Untethered from friends and family, on Tonight’s Decision (and Hereafter) the protagonist blows their life up through unspeakable actions even Oldham doesn’t reveal through the song, instead leaving us to form our own interpretations of the disaster. It’s the darkest moment on Viva Last Blues, and perhaps a path that, with the benefit of hindsight, would become prevalent in Oldham’s defining moment as a songwriter with Bonnie “Prince” Billy’s I See A Darkness (1999).
Sonically, New Partner doesn’t stray far from Tonight’s Decision (and Hereafter) – a love song that is all swoon and purr, the verses flowing like beer on tap.
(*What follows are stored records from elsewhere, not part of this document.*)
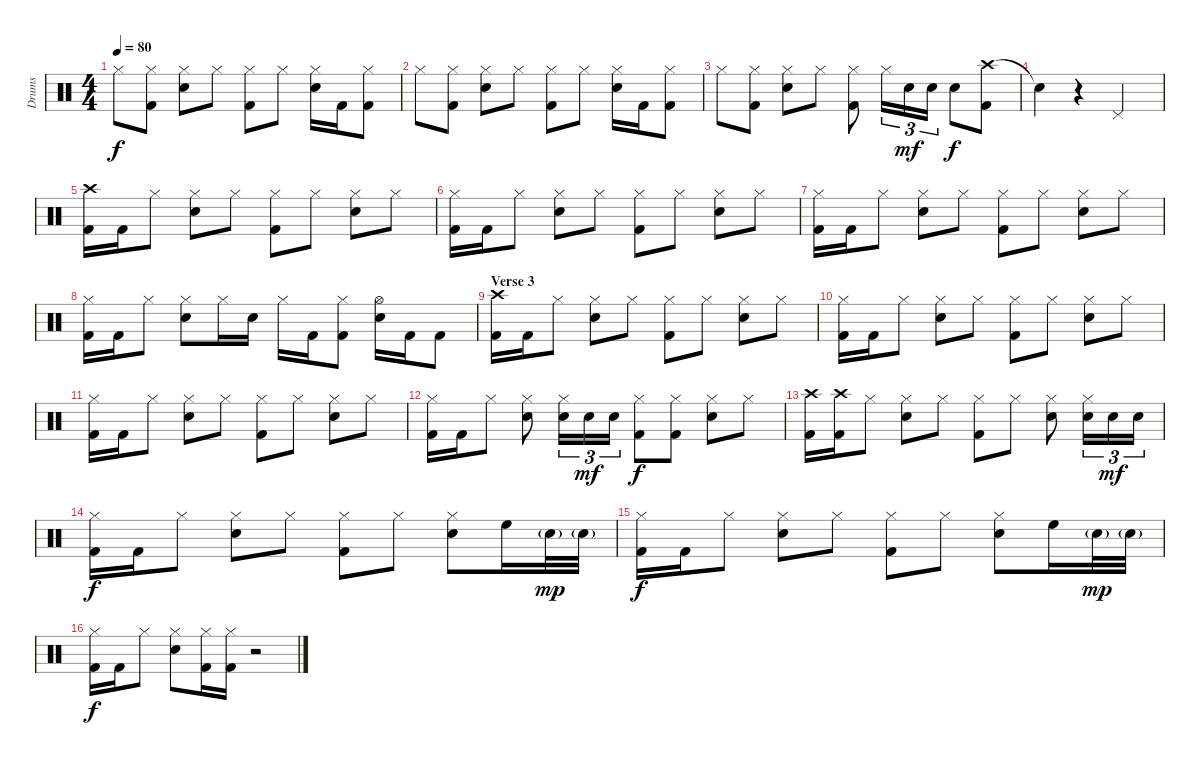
\track ("Drums" "Drums") {instrument percussion}
\staff {score}
\articulation defaults
\ts (4 4)
\tempo 80
\clef neutral
\ks c "Hi-Hat (closed)".8{dy f}
("Hi-Hat (closed)" "Kick (hit) 2").8 ("Hi-Hat (closed)" "Electric Snare (hit)").8 "Hi-Hat (closed)".8 ("Hi-Hat (closed)" "Kick (hit) 2").8 "Hi-Hat (closed)".8 ("Hi-Hat (closed)" "Electric Snare (hit)").16 "Kick (hit) 2".16 ("Hi-Hat (closed)" "Kick (hit) 2").8 |
"Hi-Hat (closed)".8 ("Hi-Hat (closed)" "Kick (hit) 2").8 ("Hi-Hat (closed)" "Electric Snare (hit)").8 "Hi-Hat (closed)".8 ("Hi-Hat (closed)" "Kick (hit) 2").8 "Hi-Hat (closed)".8 ("Hi-Hat (closed)" "Electric Snare (hit)").16 "Kick (hit) 2".16 ("Hi-Hat (closed)" "Kick (hit) 2").8 |
"Hi-Hat (closed)".8 ("Hi-Hat (closed)" "Kick (hit) 2").8 ("Hi-Hat (closed)" "Electric Snare (hit)").8 "Hi-Hat (closed)".8 ("Hi-Hat (closed)" "Kick (hit) 2").8 "Hi-Hat (closed)".16{tu (3 2)} "Electric Snare (hit)".16{tu (3 2) dy mf} "Electric Snare (hit)".16{tu (3 2)} "Electric Snare (hit)".8{dy f} ("Crash high (hit)" "Kick (hit) 2").8 |
"Snare (hit)"{t}.4 r.4 "Pedal Hi-Hat (hit)".2 |
("Crash high (hit)" "Kick (hit) 2").16 "Kick (hit) 2".16 "Hi-Hat (closed)".8 ("Hi-Hat (closed)" "Electric Snare (hit)").8 "Hi-Hat (closed)".8 ("Hi-Hat (closed)" "Kick (hit) 2").8 "Hi-Hat (closed)".8 ("Hi-Hat (closed)" "Electric Snare (hit)").8 "Hi-Hat (closed)".8 |
("Hi-Hat (closed)" "Kick (hit) 2").16 "Kick (hit) 2".16 "Hi-Hat (closed)".8 ("Hi-Hat (closed)" "Electric Snare (hit)").8 "Hi-Hat (closed)".8 ("Hi-Hat (closed)" "Kick (hit) 2").8 "Hi-Hat (closed)".8 ("Hi-Hat (closed)" "Electric Snare (hit)").8 "Hi-Hat (closed)".8 |
("Hi-Hat (closed)" "Kick (hit) 2").16 "Kick (hit) 2".16 "Hi-Hat (closed)".8 ("Hi-Hat (closed)" "Electric Snare (hit)").8 "Hi-Hat (closed)".8 ("Hi-Hat (closed)" "Kick (hit) 2").8 "Hi-Hat (closed)".8 ("Hi-Hat (closed)" "Electric Snare (hit)").8 "Hi-Hat (closed)".8 |
("Hi-Hat (closed)" "Kick (hit) 2").16 "Kick (hit) 2".16 "Hi-Hat (closed)".8 ("Hi-Hat (closed)" "Electric Snare (hit)").8 "Hi-Hat (closed)".16 "Electric Snare (hit)".16 "Hi-Hat (closed)".16 "Kick (hit) 2".16 ("Hi-Hat (closed)" "Kick (hit) 2").8 ("Hi-Hat (open)" "Electric Snare (hit)").16 "Kick (hit) 2".16 "Kick (hit) 2".8 |
\section ("" "Verse 3")
("Crash high (hit)" "Kick (hit) 2").16 "Kick (hit) 2".16 "Hi-Hat (closed)".8 ("Hi-Hat (closed)" "Electric Snare (hit)").8 "Hi-Hat (closed)".8 ("Hi-Hat (closed)" "Kick (hit) 2").8 "Hi-Hat (closed)".8 ("Hi-Hat (closed)" "Electric Snare (hit)").8 "Hi-Hat (closed)".8 |
("Hi-Hat (closed)" "Kick (hit) 2").16 "Kick (hit) 2".16 "Hi-Hat (closed)".8 ("Hi-Hat (closed)" "Electric Snare (hit)").8 "Hi-Hat (closed)".8 ("Hi-Hat (closed)" "Kick (hit) 2").8 "Hi-Hat (closed)".8 ("Hi-Hat (closed)" "Electric Snare (hit)").8 "Hi-Hat (closed)".8 |
("Hi-Hat (closed)" "Kick (hit) 2").16 "Kick (hit) 2".16 "Hi-Hat (closed)".8 ("Hi-Hat (closed)" "Electric Snare (hit)").8 "Hi-Hat (closed)".8 ("Hi-Hat (closed)" "Kick (hit) 2").8 "Hi-Hat (closed)".8 ("Hi-Hat (closed)" "Electric Snare (hit)").8 "Hi-Hat (closed)".8 |
("Hi-Hat (closed)" "Kick (hit) 2").16 "Kick (hit) 2".16 "Hi-Hat (closed)".8 ("Hi-Hat (closed)" "Electric Snare (hit)").8 ("Hi-Hat (closed)" "Electric Snare (hit)").16{tu (3 2)} "Electric Snare (hit)".16{tu (3 2) dy mf} "Electric Snare (hit)".16{tu (3 2)} ("Hi-Hat (closed)" "Kick (hit) 2").8{dy f} ("Hi-Hat (closed)" "Kick (hit) 2").8 ("Hi-Hat (closed)" "Electric Snare (hit)").8 "Hi-Hat (closed)".8 |
("Crash high (hit)" "Kick (hit) 2").16 ("Crash high (hit)" "Kick (hit) 2").16 "Hi-Hat (closed)".8 ("Hi-Hat (closed)" "Electric Snare (hit)").8 "Hi-Hat (closed)".8 ("Hi-Hat (closed)" "Kick (hit) 2").8 "Hi-Hat (closed)".8 ("Hi-Hat (closed)" "Electric Snare (hit)").8 ("Hi-Hat (closed)" "Electric Snare (hit)").16{tu (3 2)} "Electric Snare (hit)".16{tu (3 2) dy mf} "Electric Snare (hit)".16{tu (3 2)} |
("Hi-Hat (closed)" "Kick (hit) 2").16{dy f} "Kick (hit) 2".16 "Hi-Hat (closed)".8 ("Hi-Hat (closed)" "Electric Snare (hit)").8 "Hi-Hat (closed)".8 ("Hi-Hat (closed)" "Kick (hit) 2").8 "Hi-Hat (closed)".8 ("Hi-Hat (closed)" "Electric Snare (hit)").8 "High Floor Tom (hit)".16 "Electric Snare (hit)"{g}.32{dy mp} "Electric Snare (hit)"{g}.32 |
("Hi-Hat (closed)" "Kick (hit) 2").16{dy f} "Kick (hit) 2".16 "Hi-Hat (closed)".8 ("Hi-Hat (closed)" "Electric Snare (hit)").8 "Hi-Hat (closed)".8 ("Hi-Hat (closed)" "Kick (hit) 2").8 "Hi-Hat (closed)".8 ("Hi-Hat (closed)" "Electric Snare (hit)").8 "High Floor Tom (hit)".16 "Electric Snare (hit)"{g}.32{dy mp} "Electric Snare (hit)"{g}.32 |
("Hi-Hat (closed)" "Kick (hit) 2").16{dy f} "Kick (hit) 2".16 "Hi-Hat (closed)".8 ("Hi-Hat (closed)" "Electric Snare (hit)").8 ("Hi-Hat (closed)" "Kick (hit) 2").16 ("Hi-Hat (closed)" "Kick (hit) 2").16 r.2

It’s the kind of moment that just drops into a songwriter’s lap, and (again with hindsight) the first thread to form the patchwork that Oldham would weave alongside Matt Sweeney with Superwolf (2005) and Superwolves (2021).
Following the buoyant wall of sound of Work Hard / Play Hard, Cat’s Blues is just as large-hearted. Albini really gets into his work from behind the consoles, harnessing the quiet / loud dynamics that he will eternally be the master of. And while the traces of Cat’s Blues are heard on We All, Us Three, Will Ride, there’s more of a campfire hiss, with an intimate tale where the emotional weight is captured just as much in Albini’s recording of Oldham’s performance than the song itself.
On closing track, Old Jerusalem as Oldham sings, “Trouble has caused me so much grief”, the story unfolds where one could perhaps draw a straight line to Tonight’s Decision (and Hereafter). It’s life on the fault lines, and while Oldham’s naked honesty has been imitated by so many since the recording of Viva Last Blues, one has to consider that short of Callahan, David Berman, Lou Barlow and maybe John Darnielle, sincerity through song was a rare commodity in 1995. Coupled with Albini’s unvarnished recordings, Oldham offered a boldness. Not only an unmooring of emotions through his songs but also delivering them with a spirit where the performances actually sounded like he meant it.
This is why Oldham has gone on to be of the most peerless songwriters of our time. His songs, often feeling like the first take because that’s where the honesty and true spirit is. And for many, Viva Last Blues was the first snapshot of an artist who has made this the focal point of his creative existence.
Viva Last Blues was released via Drag City / Domino Recording Co.